Let's assume a death rate of 0.4% only [1]. In that case, we

expect 200 new deaths for every 50,000 new infections

the worst case scenario of unlimited exponentional growth suggests 2.5million infections: this would correspond to 2.5m*0.4% = 10,000 new deaths in total.

About half of the patients going to an intensive care unit will eventually die. We can thus estimate the number of intensive care patients as twice that of the deaths (0.7% [1]):

With

*every day*of 50,000 new infections, we would expect 50,000*0.7% = 350*new*intensive care patients*every day*with the exponential growth scenario (Option 1), we expect 0.7% * 2.5million = 17,500 new intensive care patients over the period of 28 days.

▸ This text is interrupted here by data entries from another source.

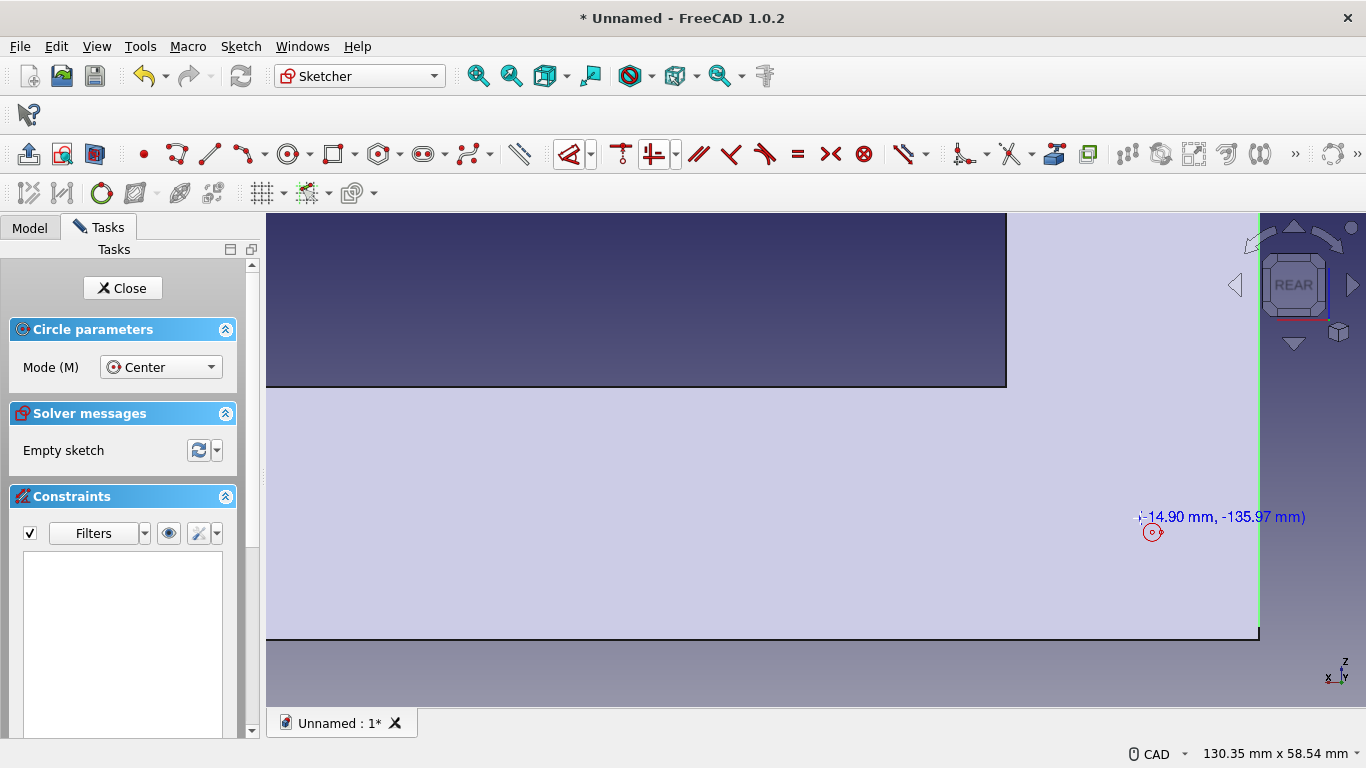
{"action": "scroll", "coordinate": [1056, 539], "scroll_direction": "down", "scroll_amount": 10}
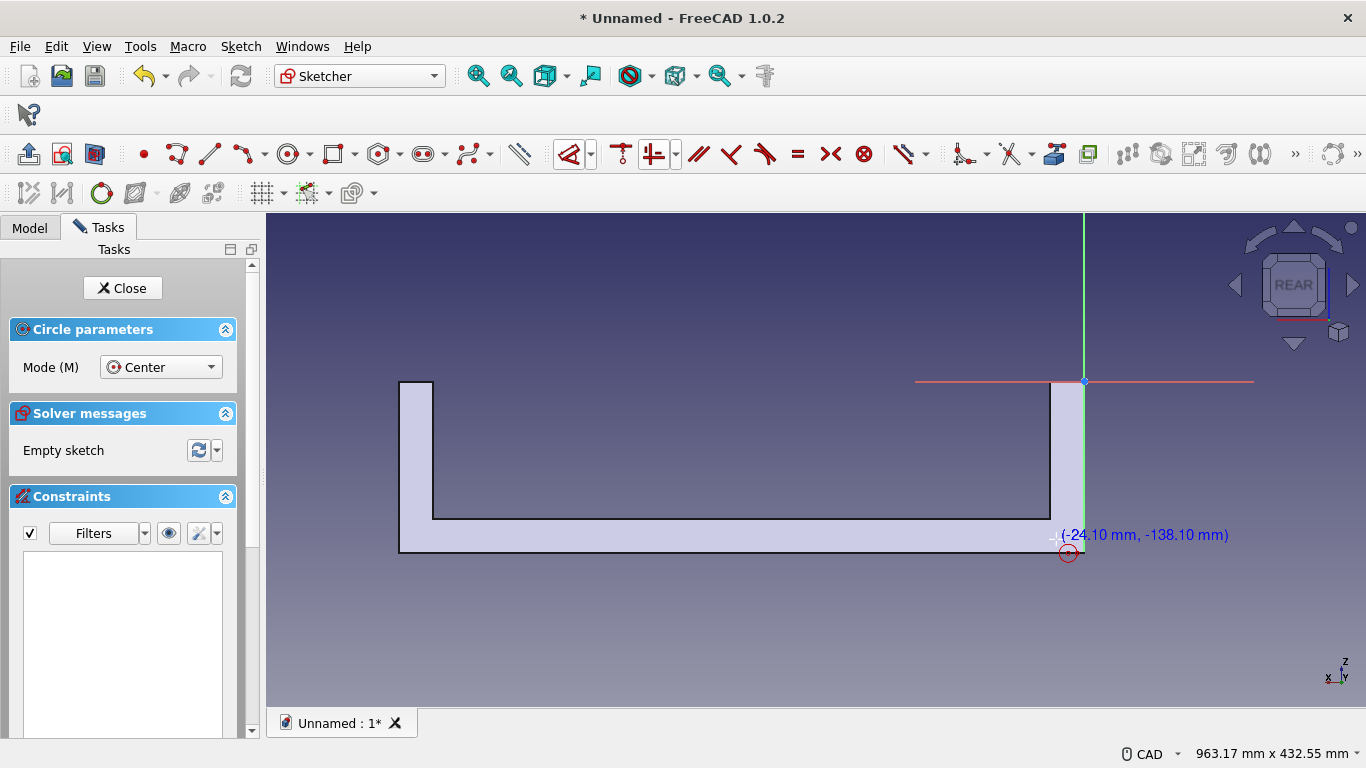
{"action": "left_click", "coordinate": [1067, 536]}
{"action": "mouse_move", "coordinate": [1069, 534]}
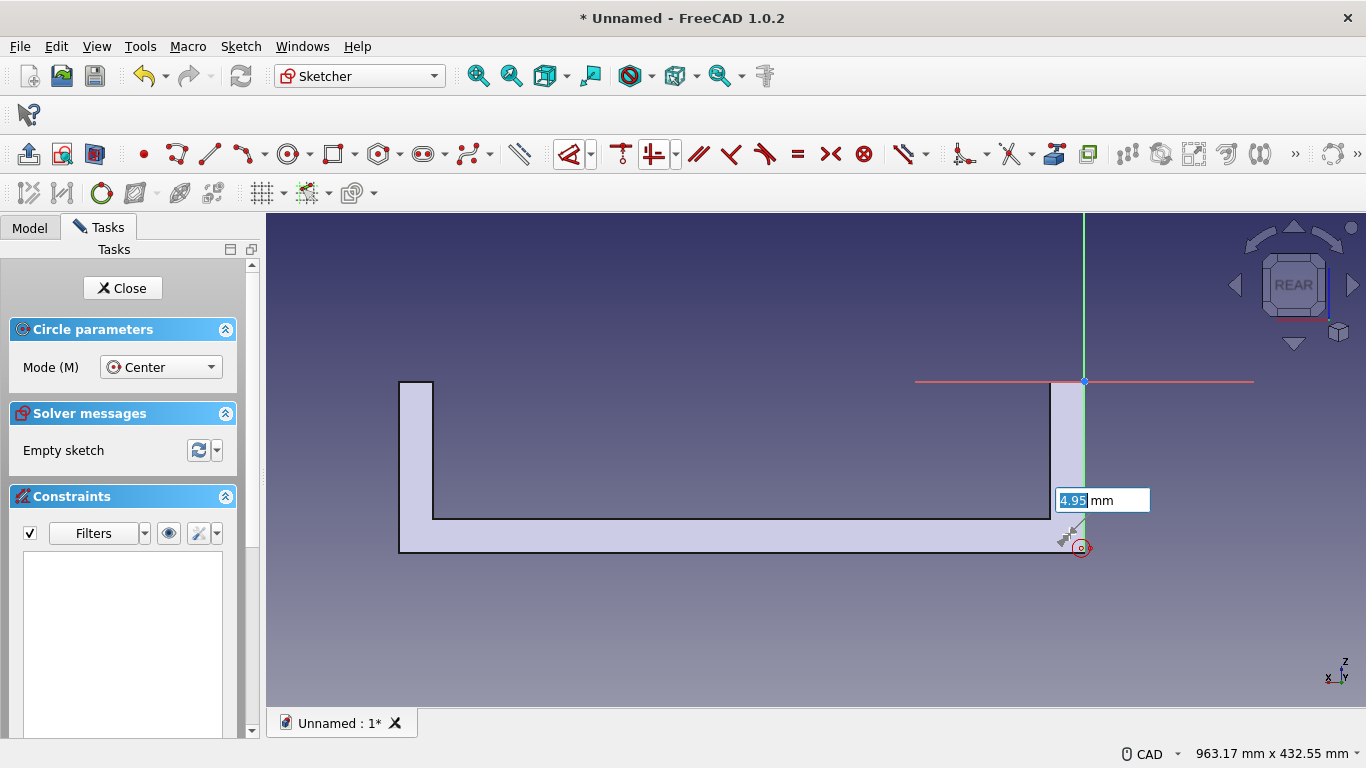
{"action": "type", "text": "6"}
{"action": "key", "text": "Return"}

[1] Source: Lothar Wieler, Pressekonferenz zur Corona Lage, 12 November 2021: for 50,000 new infections, expect at least 3000 hospital patients, 350 in need of intensive care, and 200 are expected to die.

## Limits of growth¶

The assumed growth assumptions are of course a huge simplification. Reasons that may slow down the growth include:

- governements imposing new restrictions
- people changing their behaviour voluntarily

The big question is if and when these (or other factors) come into play to change our path. If there is no change to behaviour, no change to environment conditions, the virus, the accuracy and completeness of the testing, then reality may well follow a path between Option 1 and 2.

Austria seems to be on a similar trajectory, but is about 3 weeks ahead of Germany. (And has just decided to have a lock down.)